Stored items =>

*** Block opens ***

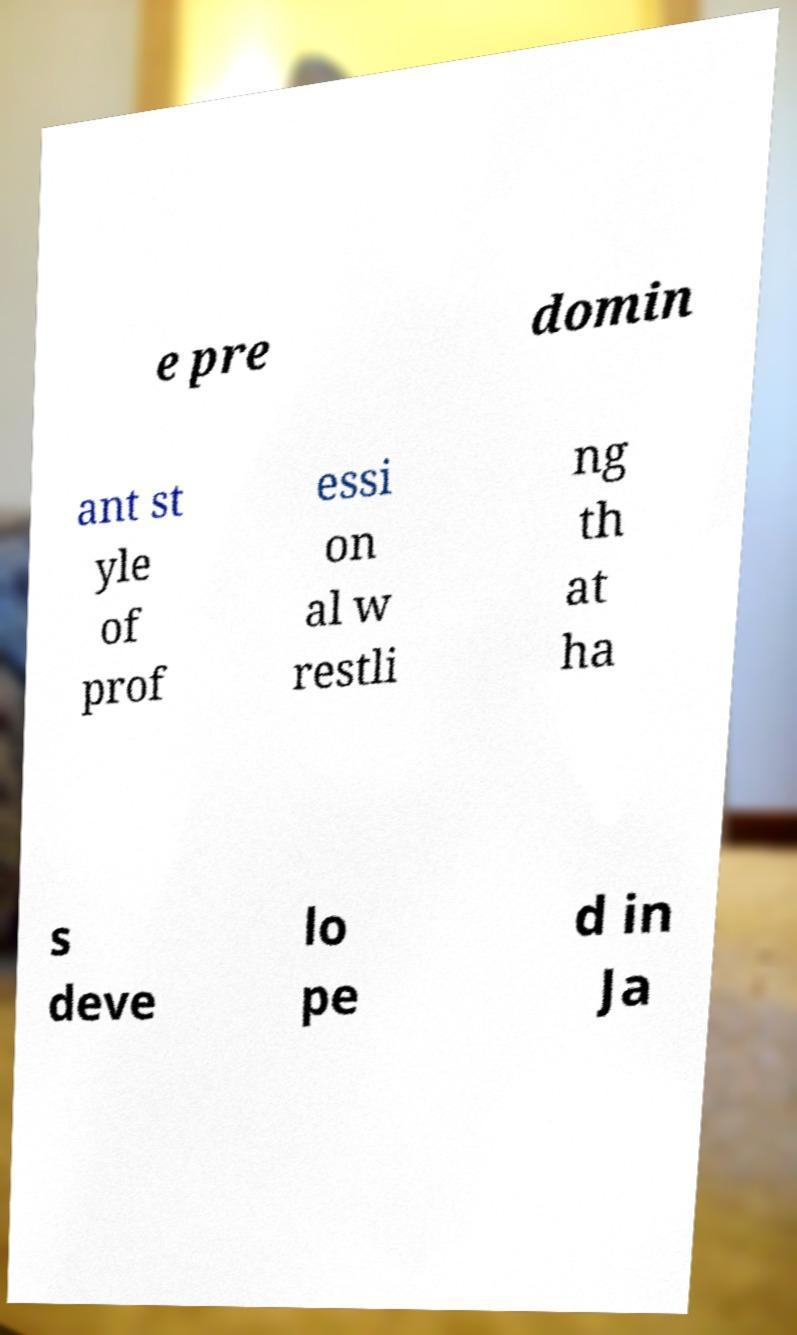What messages or text are displayed in this image? I need them in a readable, typed format. e pre domin ant st yle of prof essi on al w restli ng th at ha s deve lo pe d in Ja 
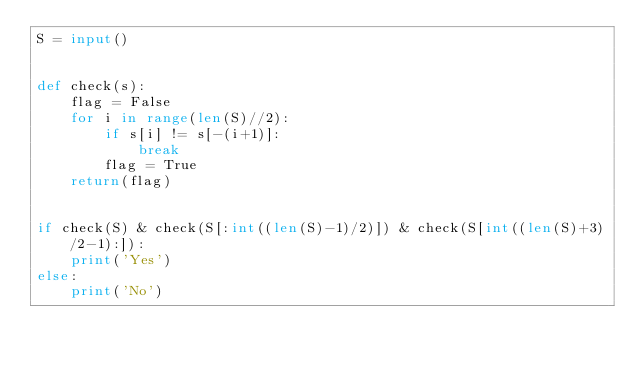Convert code to text. <code><loc_0><loc_0><loc_500><loc_500><_Python_>S = input()


def check(s):
    flag = False
    for i in range(len(S)//2):
        if s[i] != s[-(i+1)]:
            break
        flag = True
    return(flag)


if check(S) & check(S[:int((len(S)-1)/2)]) & check(S[int((len(S)+3)/2-1):]):
    print('Yes')
else:
    print('No')
</code> 
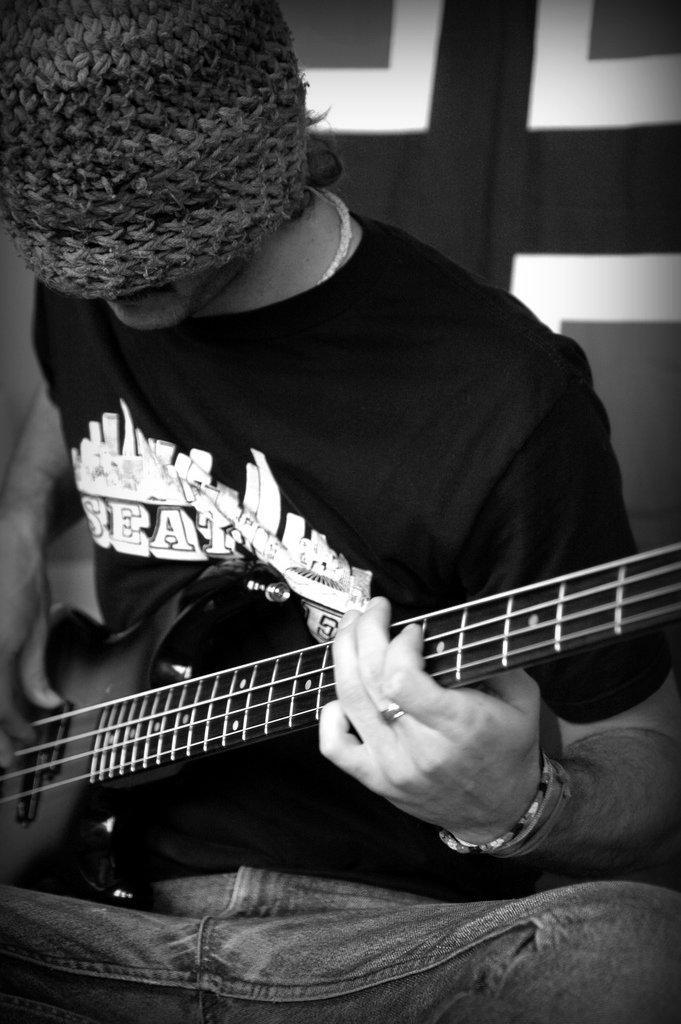Who is in the picture? There is a person in the picture. What is the person doing in the picture? The person is sitting and playing a guitar. What can be seen on the person's head in the picture? The person is wearing a cap. What type of cast can be seen on the person's arm in the image? There is no cast visible on the person's arm in the image. How many times does the person twist the guitar in the image? The person is not twisting the guitar in the image; they are playing it. 
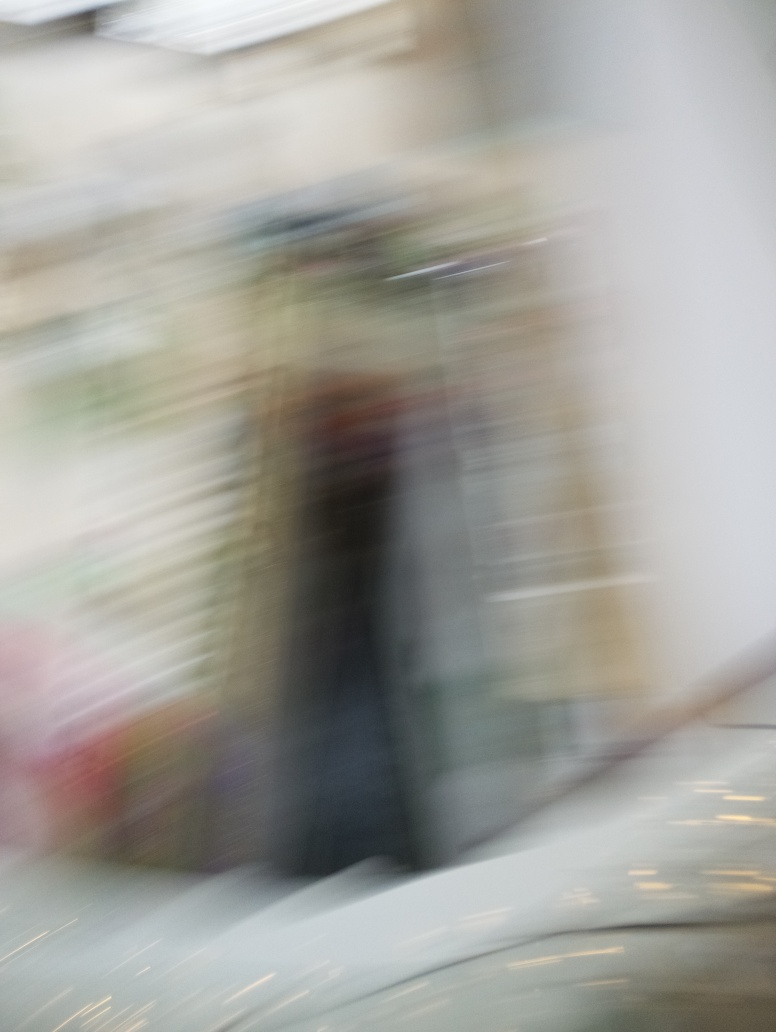What effect does ghosting have on the image? Option D, the loss of texture details, is correct. Ghosting refers to the appearance of a trail or blur in an image, often due to movement during the capture of the image or delayed pixel response times. This effect can reduce the sharpness and clarity, causing texture details to be obscured or less defined.

*** Block closes ***

Instructions for the task =>
After reading the entries above, state the number of lines that contain the word "check", adding nothing else.

Answer to the exercise =>
2